Work item
For the entries below, the result should be an exact transcription of the lines from the one with "- plate (595,0,639,100)" up to and including the one with "name -> x, y, z", and only those.
** Exercise input follows **
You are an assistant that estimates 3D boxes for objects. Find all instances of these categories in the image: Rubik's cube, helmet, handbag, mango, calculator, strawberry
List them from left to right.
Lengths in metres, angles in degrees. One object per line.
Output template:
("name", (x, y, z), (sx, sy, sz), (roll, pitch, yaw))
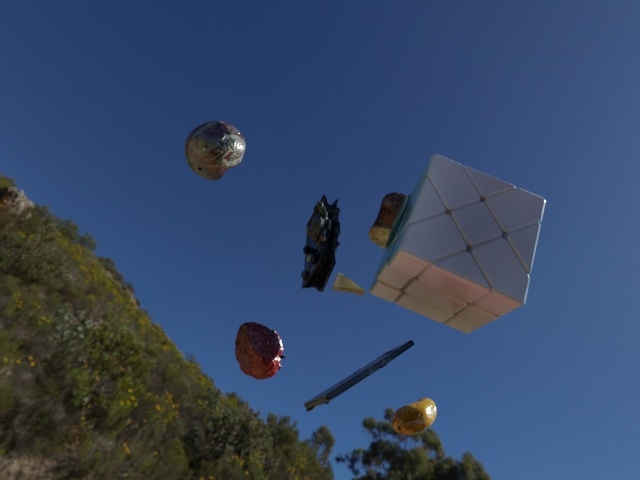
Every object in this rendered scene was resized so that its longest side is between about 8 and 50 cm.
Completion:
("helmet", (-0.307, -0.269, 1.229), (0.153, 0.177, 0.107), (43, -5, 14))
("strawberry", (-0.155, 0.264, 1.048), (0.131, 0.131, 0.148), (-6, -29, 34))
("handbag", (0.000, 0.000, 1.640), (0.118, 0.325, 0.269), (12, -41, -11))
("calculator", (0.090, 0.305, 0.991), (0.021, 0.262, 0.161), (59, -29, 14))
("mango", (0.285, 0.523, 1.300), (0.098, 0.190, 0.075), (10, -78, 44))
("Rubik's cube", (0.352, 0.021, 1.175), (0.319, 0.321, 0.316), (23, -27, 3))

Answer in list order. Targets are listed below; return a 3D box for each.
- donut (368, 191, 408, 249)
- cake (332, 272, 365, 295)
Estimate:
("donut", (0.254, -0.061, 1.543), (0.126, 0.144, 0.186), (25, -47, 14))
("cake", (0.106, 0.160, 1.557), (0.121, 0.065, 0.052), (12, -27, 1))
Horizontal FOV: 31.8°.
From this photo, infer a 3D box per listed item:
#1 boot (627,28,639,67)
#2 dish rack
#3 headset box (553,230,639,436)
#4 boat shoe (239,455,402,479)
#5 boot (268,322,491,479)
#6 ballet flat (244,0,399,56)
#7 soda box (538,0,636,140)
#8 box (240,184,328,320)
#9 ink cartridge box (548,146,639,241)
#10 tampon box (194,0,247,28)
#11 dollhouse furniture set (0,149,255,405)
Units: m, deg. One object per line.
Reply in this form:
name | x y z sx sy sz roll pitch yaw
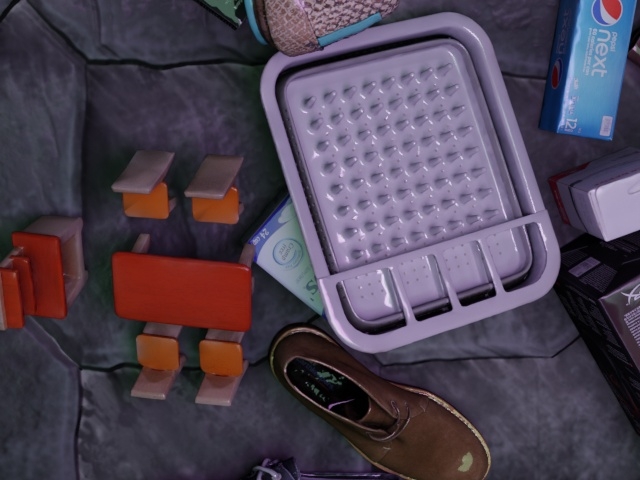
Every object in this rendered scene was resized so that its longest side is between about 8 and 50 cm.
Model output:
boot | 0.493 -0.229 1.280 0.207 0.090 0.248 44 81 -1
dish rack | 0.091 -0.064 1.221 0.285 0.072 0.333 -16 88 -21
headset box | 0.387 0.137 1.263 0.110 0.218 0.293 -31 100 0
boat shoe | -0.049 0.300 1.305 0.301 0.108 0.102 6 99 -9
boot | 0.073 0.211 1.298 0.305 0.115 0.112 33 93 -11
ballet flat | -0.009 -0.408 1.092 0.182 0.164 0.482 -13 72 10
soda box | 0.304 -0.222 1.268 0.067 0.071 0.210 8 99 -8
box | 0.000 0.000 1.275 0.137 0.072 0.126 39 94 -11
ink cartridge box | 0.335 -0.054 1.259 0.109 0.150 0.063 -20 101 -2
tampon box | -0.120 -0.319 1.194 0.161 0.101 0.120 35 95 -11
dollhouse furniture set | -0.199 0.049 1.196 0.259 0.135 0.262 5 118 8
** End of Exercise input **
** Exercise input follows **
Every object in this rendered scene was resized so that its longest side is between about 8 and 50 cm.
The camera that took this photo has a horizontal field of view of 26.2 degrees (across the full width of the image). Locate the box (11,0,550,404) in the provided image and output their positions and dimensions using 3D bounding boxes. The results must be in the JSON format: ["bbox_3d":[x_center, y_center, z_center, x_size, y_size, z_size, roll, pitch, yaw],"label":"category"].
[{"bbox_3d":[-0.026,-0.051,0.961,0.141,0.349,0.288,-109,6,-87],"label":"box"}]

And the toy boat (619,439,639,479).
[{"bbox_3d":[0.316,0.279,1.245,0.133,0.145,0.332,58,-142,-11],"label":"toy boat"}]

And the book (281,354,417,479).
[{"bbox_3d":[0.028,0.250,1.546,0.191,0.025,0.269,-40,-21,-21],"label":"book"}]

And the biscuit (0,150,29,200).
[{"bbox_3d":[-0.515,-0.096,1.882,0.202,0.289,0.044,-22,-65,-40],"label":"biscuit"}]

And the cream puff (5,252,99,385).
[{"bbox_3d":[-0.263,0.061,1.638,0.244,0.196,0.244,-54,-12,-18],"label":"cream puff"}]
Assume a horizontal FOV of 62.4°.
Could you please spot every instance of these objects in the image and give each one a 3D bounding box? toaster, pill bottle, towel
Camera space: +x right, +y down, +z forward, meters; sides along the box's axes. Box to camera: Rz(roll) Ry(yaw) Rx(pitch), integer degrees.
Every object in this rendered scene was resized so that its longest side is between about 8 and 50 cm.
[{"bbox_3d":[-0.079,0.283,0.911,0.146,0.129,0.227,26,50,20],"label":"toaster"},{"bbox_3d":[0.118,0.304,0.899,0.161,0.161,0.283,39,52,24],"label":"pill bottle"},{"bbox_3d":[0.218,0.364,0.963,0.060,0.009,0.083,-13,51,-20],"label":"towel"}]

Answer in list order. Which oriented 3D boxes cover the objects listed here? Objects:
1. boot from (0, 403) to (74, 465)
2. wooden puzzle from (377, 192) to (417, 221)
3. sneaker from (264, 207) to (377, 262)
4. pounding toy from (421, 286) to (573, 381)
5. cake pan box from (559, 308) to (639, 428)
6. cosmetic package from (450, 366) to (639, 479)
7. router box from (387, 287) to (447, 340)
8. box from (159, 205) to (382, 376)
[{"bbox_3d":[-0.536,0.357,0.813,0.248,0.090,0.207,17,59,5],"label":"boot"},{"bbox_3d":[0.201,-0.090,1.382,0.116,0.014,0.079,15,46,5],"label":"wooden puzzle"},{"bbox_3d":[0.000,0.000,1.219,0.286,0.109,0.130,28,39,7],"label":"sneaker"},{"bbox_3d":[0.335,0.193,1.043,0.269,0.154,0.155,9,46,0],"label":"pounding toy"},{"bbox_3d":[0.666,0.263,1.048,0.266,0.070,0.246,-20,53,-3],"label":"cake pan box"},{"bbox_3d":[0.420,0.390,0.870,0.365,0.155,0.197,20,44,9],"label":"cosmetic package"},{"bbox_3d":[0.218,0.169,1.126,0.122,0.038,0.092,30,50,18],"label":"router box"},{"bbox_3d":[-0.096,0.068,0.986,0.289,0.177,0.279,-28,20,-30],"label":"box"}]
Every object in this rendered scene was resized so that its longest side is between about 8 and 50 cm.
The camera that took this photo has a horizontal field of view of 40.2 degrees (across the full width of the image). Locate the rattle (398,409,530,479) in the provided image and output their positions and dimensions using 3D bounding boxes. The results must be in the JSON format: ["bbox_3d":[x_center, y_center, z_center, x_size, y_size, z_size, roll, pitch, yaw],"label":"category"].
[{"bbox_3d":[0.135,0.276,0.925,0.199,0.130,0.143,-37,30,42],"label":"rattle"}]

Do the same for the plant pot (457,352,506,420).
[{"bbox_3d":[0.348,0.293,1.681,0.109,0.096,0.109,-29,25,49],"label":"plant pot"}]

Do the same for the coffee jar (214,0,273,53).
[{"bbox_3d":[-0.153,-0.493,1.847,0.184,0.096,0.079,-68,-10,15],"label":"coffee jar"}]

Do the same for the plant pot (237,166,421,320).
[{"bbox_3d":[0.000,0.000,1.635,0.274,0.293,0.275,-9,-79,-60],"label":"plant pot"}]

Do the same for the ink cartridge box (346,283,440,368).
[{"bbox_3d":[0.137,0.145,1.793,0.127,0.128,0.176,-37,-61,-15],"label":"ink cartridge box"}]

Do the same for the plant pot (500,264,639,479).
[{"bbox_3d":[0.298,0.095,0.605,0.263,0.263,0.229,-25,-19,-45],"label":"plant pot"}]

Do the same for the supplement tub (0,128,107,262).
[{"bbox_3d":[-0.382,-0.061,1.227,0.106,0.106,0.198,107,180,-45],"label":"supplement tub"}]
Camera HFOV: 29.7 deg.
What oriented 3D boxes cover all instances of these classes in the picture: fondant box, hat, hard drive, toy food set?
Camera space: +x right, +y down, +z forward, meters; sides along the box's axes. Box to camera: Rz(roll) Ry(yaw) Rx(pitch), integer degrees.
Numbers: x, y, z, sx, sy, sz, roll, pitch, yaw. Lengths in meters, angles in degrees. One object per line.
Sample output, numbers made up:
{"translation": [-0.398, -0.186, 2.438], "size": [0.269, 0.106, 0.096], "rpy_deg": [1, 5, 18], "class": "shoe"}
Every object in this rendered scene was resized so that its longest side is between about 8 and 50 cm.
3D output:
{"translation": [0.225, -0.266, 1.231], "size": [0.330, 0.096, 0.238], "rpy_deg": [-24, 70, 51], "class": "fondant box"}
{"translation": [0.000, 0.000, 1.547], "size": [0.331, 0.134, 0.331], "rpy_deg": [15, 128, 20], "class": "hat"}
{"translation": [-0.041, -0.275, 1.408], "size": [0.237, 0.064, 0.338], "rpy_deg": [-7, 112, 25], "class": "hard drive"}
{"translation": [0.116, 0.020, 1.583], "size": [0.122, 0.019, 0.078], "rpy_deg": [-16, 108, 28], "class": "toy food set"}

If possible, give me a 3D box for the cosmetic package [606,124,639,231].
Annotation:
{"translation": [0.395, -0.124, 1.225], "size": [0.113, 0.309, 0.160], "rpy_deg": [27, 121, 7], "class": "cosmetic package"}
** End of Exercise input **
** Exercise input follows **
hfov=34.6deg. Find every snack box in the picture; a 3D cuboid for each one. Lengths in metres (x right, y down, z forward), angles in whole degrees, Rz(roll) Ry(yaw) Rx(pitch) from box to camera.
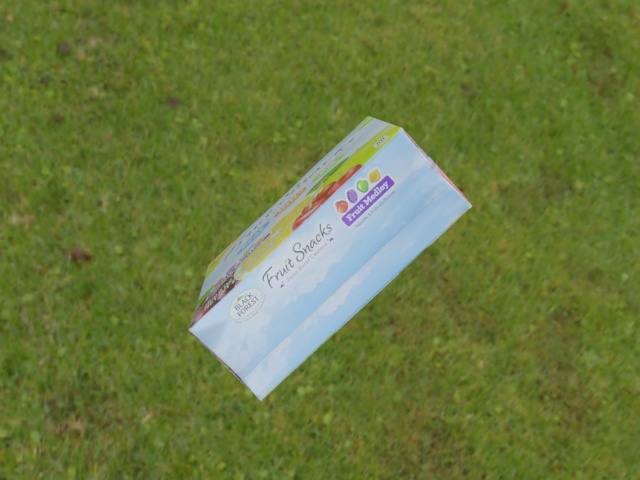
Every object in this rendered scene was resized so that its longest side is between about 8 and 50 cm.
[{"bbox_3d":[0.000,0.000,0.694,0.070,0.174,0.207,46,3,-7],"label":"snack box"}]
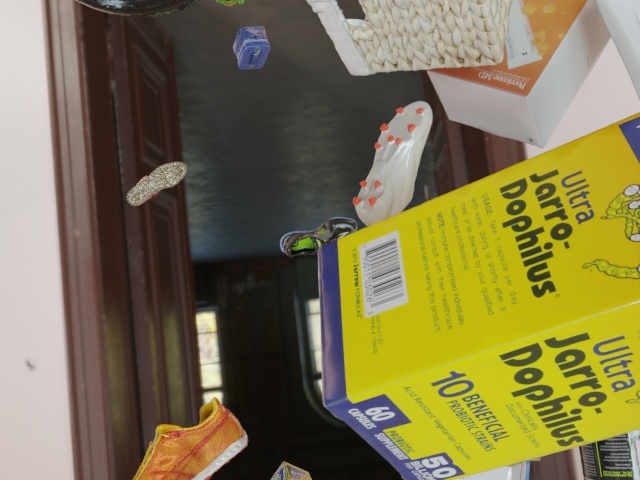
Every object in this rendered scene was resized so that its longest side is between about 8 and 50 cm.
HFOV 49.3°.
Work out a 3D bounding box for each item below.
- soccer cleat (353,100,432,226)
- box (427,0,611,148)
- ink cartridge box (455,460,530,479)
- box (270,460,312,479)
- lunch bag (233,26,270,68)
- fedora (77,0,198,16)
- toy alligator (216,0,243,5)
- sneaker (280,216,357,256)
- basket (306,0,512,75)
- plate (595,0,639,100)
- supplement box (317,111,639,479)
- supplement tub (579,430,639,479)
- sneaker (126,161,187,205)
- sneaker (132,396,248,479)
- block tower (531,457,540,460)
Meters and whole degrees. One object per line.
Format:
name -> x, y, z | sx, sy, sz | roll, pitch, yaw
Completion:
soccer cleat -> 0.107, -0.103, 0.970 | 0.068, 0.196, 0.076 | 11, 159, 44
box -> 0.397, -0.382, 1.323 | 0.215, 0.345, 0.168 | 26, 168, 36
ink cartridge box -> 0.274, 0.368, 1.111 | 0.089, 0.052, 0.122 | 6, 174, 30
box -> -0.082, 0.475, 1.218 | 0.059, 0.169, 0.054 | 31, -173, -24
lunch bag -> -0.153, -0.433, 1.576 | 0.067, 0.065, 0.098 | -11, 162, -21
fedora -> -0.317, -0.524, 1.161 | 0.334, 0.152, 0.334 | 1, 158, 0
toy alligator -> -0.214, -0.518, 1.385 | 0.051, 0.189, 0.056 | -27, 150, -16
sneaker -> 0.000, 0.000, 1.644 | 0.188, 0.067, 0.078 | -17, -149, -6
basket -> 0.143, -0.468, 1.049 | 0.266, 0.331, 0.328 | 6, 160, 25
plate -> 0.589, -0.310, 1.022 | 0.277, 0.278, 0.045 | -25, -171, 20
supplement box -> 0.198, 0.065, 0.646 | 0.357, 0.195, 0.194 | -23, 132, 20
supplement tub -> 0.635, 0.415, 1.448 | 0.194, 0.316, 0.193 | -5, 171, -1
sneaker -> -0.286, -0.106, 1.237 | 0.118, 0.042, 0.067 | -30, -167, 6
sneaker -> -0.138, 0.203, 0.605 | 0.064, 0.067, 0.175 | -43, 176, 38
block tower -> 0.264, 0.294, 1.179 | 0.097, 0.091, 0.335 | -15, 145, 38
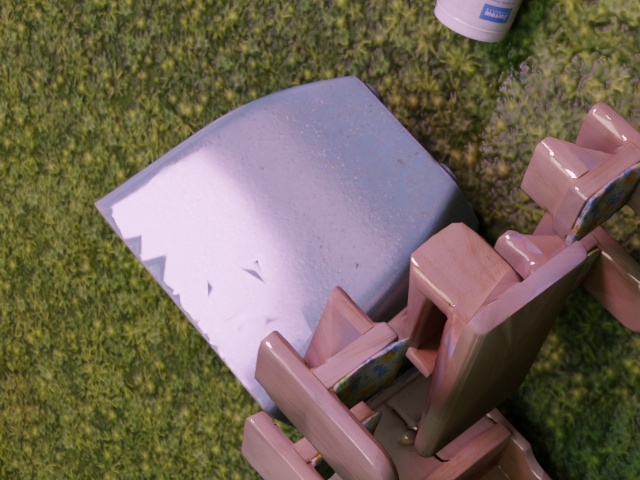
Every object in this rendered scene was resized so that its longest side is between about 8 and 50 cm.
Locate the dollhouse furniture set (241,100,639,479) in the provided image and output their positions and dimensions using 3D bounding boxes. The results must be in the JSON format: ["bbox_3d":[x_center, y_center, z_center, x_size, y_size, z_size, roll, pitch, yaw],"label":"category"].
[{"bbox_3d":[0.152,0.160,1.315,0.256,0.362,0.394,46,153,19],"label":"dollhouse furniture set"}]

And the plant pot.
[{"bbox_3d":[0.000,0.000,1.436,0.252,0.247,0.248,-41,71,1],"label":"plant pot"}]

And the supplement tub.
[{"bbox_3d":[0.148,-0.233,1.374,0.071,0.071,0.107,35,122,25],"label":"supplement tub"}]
** End of Exercise input **
Answer for the task
- plate (595,0,639,100)
- supplement box (317,111,639,479)
- supplement tub (579,430,639,479)
- sneaker (126,161,187,205)
- sneaker (132,396,248,479)
- block tower (531,457,540,460)
Meters and whole degrees. One object per line.
Format:
name -> x, y, z | sx, sy, sz | roll, pitch, yaw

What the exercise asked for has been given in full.